Risk assessment in Stage II colorectal cancer

Affiliations
  • PMID: 20225606
Free article

Risk assessment in Stage II colorectal cancer

John L Marshall. Oncology (Williston Park). 2010 Jan.
Free article

Abstract

In the treatment of colon cancer today, the decision-making involved in the treatment of stage II disease is probably the most challenging aspect. The major question is whether or not these patients should receive postoperative adjuvant chemotherapy. Approximately 75% of stage II colon cancer is cured by surgery alone.
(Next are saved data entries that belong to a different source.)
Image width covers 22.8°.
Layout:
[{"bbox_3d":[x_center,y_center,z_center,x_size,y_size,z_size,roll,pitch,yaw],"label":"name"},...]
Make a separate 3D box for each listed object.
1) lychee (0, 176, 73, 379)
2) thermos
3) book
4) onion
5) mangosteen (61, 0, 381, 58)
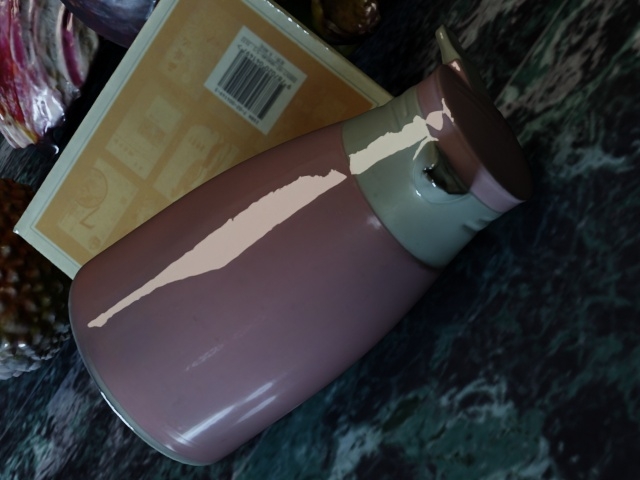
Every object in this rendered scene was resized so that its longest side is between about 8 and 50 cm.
[{"bbox_3d":[-0.272,0.028,1.271,0.165,0.165,0.197,-52,57,9],"label":"lychee"},{"bbox_3d":[0.000,0.000,0.934,0.265,0.146,0.176,-35,9,21],"label":"thermos"},{"bbox_3d":[-0.079,-0.047,1.045,0.242,0.170,0.018,-53,-8,21],"label":"book"},{"bbox_3d":[-0.278,-0.240,1.572,0.280,0.146,0.314,-4,62,60],"label":"onion"},{"bbox_3d":[-0.073,-0.258,1.148,0.311,0.311,0.311,-37,35,31],"label":"mangosteen"}]
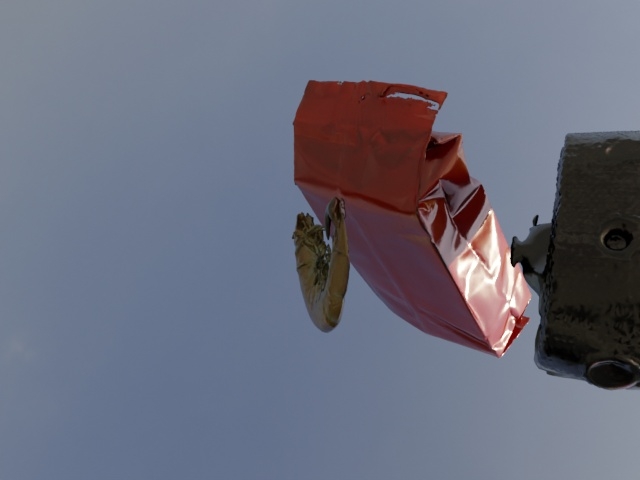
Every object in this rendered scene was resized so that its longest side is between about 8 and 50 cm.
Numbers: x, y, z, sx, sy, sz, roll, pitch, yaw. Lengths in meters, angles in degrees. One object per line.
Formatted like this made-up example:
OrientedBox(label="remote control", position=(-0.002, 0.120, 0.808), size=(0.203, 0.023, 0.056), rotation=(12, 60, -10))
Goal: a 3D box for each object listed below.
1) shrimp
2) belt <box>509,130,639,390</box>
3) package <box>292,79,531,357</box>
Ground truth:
OrientedBox(label="shrimp", position=(-0.002, 0.000, 0.567), size=(0.034, 0.124, 0.178), rotation=(3, -140, -12))
OrientedBox(label="belt", position=(0.267, 0.014, 0.560), size=(0.164, 0.184, 0.289), rotation=(6, -138, 23))
OrientedBox(label="package", position=(0.121, -0.007, 0.735), size=(0.196, 0.423, 0.123), rotation=(16, -118, 41))
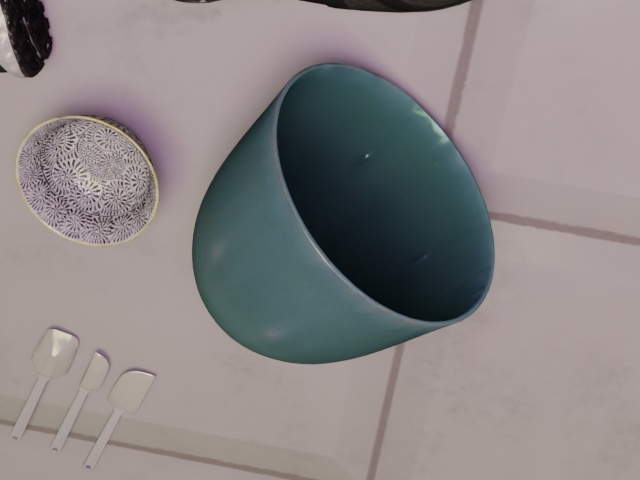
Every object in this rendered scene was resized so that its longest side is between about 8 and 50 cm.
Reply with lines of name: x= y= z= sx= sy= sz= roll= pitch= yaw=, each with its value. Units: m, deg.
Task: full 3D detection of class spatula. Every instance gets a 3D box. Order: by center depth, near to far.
spatula: x=-0.360 y=0.240 z=1.329 sx=0.168 sy=0.019 sz=0.242 roll=25 pitch=123 yaw=-13

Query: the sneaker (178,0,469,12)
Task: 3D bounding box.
sneaker: x=-0.033 y=-0.281 z=0.839 sx=0.482 sy=0.202 sz=0.185 roll=2 pitch=123 yaw=8

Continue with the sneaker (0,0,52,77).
sneaker: x=-0.371 y=-0.297 z=0.946 sx=0.107 sy=0.100 sz=0.272 roll=3 pitch=122 yaw=13

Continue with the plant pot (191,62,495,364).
plant pot: x=0.000 y=0.000 z=0.972 sx=0.293 sy=0.293 sz=0.235 roll=40 pitch=132 yaw=-16

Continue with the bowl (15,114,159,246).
bowl: x=-0.262 y=-0.085 z=1.070 sx=0.170 sy=0.080 sz=0.170 roll=4 pitch=123 yaw=6
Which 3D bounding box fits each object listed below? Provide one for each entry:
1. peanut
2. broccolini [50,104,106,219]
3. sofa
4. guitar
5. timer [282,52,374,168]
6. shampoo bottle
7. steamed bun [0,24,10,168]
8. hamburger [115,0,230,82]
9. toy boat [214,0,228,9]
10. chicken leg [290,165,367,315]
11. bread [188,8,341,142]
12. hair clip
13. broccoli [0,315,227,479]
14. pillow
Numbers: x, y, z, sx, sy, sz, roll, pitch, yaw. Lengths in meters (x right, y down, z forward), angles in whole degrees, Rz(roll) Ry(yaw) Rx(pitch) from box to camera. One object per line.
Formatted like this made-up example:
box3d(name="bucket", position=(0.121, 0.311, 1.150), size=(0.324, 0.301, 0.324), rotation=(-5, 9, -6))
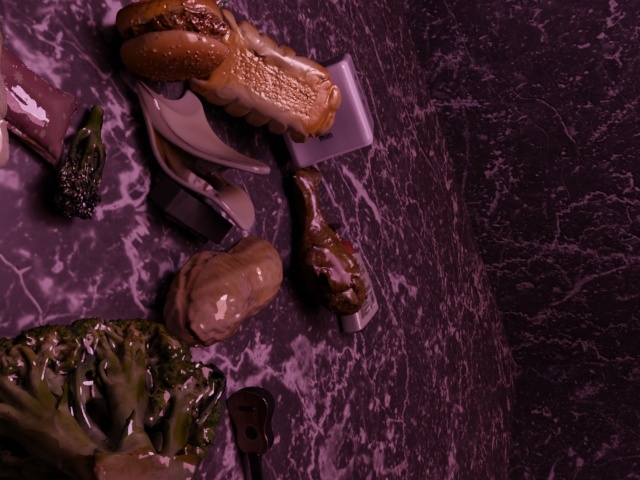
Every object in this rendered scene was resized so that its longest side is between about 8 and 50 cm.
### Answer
box3d(name="peanut", position=(-0.159, 0.080, 1.039), size=(0.313, 0.149, 0.149), rotation=(-29, 106, -61))
box3d(name="broccolini", position=(-0.330, -0.121, 0.852), size=(0.091, 0.068, 0.202), rotation=(66, 26, -57))
box3d(name="sofa", position=(-0.232, -0.051, 1.036), size=(0.060, 0.085, 0.147), rotation=(-52, 142, 0))
box3d(name="guitar", position=(-0.115, 0.402, 1.077), size=(0.038, 0.084, 0.271), rotation=(-11, 96, -64))
box3d(name="timer", position=(0.006, -0.306, 1.388), size=(0.192, 0.194, 0.195), rotation=(-76, 146, -66))
box3d(name="shampoo bottle", position=(0.067, 0.082, 1.534), size=(0.153, 0.071, 0.284), rotation=(-35, 109, -58))
box3d(name="steamed bun", position=(-0.429, -0.205, 0.549), size=(0.268, 0.207, 0.280), rotation=(107, -32, -60))
box3d(name="hamburger", position=(-0.237, -0.330, 0.980), size=(0.182, 0.191, 0.118), rotation=(-33, 111, -68))
box3d(name="toy boat", position=(-0.204, -0.537, 1.224), size=(0.099, 0.108, 0.293), rotation=(96, 12, -51))
box3d(name="chicken leg", position=(-0.006, 0.011, 1.363), size=(0.211, 0.140, 0.361), rotation=(-50, 115, -81))
box3d(name="bread", position=(-0.108, -0.312, 1.195), size=(0.311, 0.121, 0.172), rotation=(24, 92, -26))
box3d(name="hair clip", position=(-0.202, -0.148, 1.045), size=(0.282, 0.113, 0.172), rotation=(40, 18, 9))
box3d(name="broccoli", position=(-0.250, 0.241, 0.659), size=(0.321, 0.283, 0.303), rotation=(8, 86, -33))
box3d(name="pillow", position=(-0.399, -0.192, 0.782), size=(0.185, 0.043, 0.118), rotation=(43, 47, -48))
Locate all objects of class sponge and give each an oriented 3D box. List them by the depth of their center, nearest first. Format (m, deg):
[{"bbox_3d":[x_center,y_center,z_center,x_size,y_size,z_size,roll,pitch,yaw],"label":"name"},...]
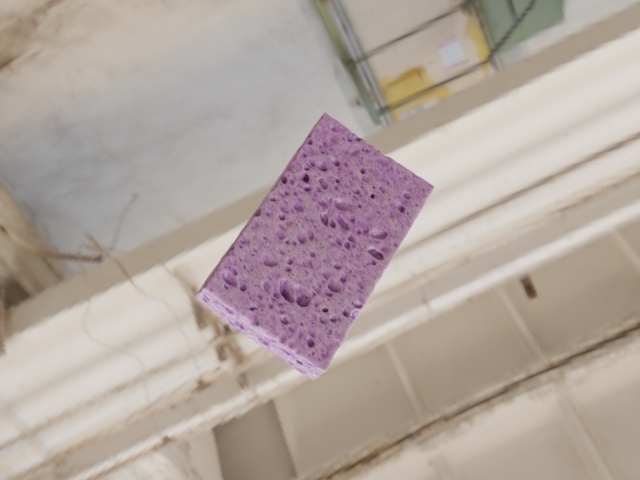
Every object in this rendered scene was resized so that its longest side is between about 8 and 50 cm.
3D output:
[{"bbox_3d":[0.000,0.000,1.005,0.210,0.117,0.031,-57,-175,-32],"label":"sponge"}]
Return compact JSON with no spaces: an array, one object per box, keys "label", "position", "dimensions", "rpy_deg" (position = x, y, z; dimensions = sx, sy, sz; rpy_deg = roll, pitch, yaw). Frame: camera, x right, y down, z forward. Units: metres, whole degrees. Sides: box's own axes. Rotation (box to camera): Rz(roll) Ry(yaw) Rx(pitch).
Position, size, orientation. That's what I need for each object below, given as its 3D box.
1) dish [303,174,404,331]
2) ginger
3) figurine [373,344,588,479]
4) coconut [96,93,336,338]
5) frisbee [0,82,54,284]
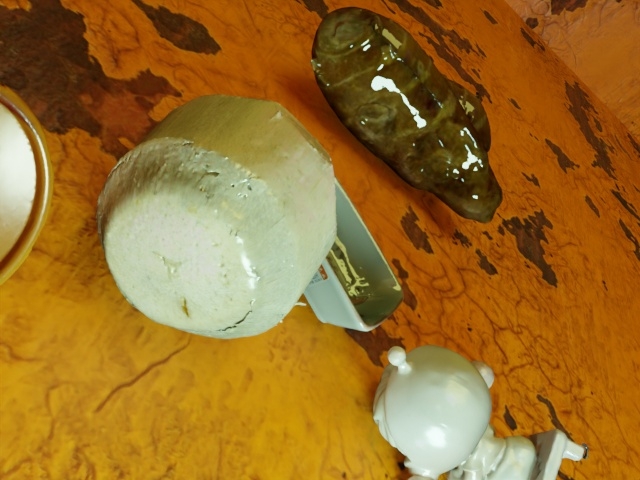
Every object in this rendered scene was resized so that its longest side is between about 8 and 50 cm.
[{"label":"dish","position":[0.000,0.000,0.868],"dimensions":[0.234,0.064,0.154],"rpy_deg":[61,26,2]},{"label":"ginger","position":[0.146,-0.223,1.203],"dimensions":[0.418,0.176,0.254],"rpy_deg":[40,29,-22]},{"label":"figurine","position":[0.153,0.216,0.802],"dimensions":[0.257,0.181,0.144],"rpy_deg":[36,-8,-8]},{"label":"coconut","position":[-0.084,-0.031,0.693],"dimensions":[0.224,0.224,0.234],"rpy_deg":[48,34,-2]},{"label":"frisbee","position":[-0.279,-0.032,0.515],"dimensions":[0.035,0.192,0.192],"rpy_deg":[26,19,32]}]
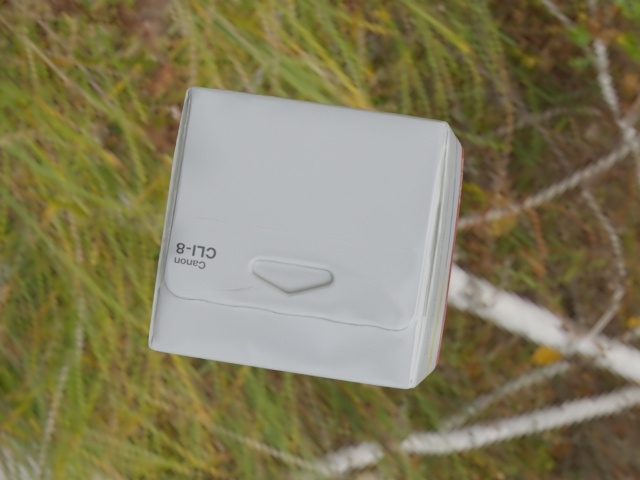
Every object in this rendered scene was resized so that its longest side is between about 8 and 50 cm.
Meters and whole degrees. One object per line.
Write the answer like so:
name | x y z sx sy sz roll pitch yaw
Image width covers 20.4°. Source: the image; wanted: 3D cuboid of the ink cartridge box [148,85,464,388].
ink cartridge box | 0.000 0.000 0.887 0.176 0.128 0.127 4 94 -84
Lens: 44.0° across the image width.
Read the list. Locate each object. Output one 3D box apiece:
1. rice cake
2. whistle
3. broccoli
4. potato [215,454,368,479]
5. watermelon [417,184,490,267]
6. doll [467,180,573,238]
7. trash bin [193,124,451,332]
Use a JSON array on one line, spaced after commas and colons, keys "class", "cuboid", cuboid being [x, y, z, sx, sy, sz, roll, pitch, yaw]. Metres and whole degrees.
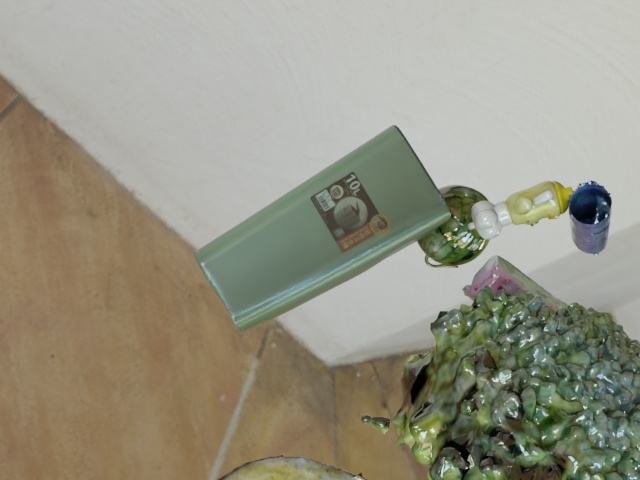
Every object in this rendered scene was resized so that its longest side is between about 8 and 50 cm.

For the remaining 25% of cases, there is great debate over whether adjuvant chemotherapy is sufficiently effective in enough patients to warrant the exposure to potentially toxic treatments. In the important QUASAR clinical trial, stage II patients were randomized to either fluorouracil (5-FU)-based therapy or observation. The results demonstrated an approximate 3% improvement in outcome for the 5-FU-treated patients. This leads to the assumption that treating all stage II patients with adjuvant chemotherapy is gross overtreatment, when essentially 97% of these patients will not benefit. Clearly the only way to approach this decision is through risk determination. In this article, I will describe the current state of defining high- and low-risk disease, which is mainly through histopathologic characteristics, as well as discuss emerging approaches such as molecular markers and genomic profiling.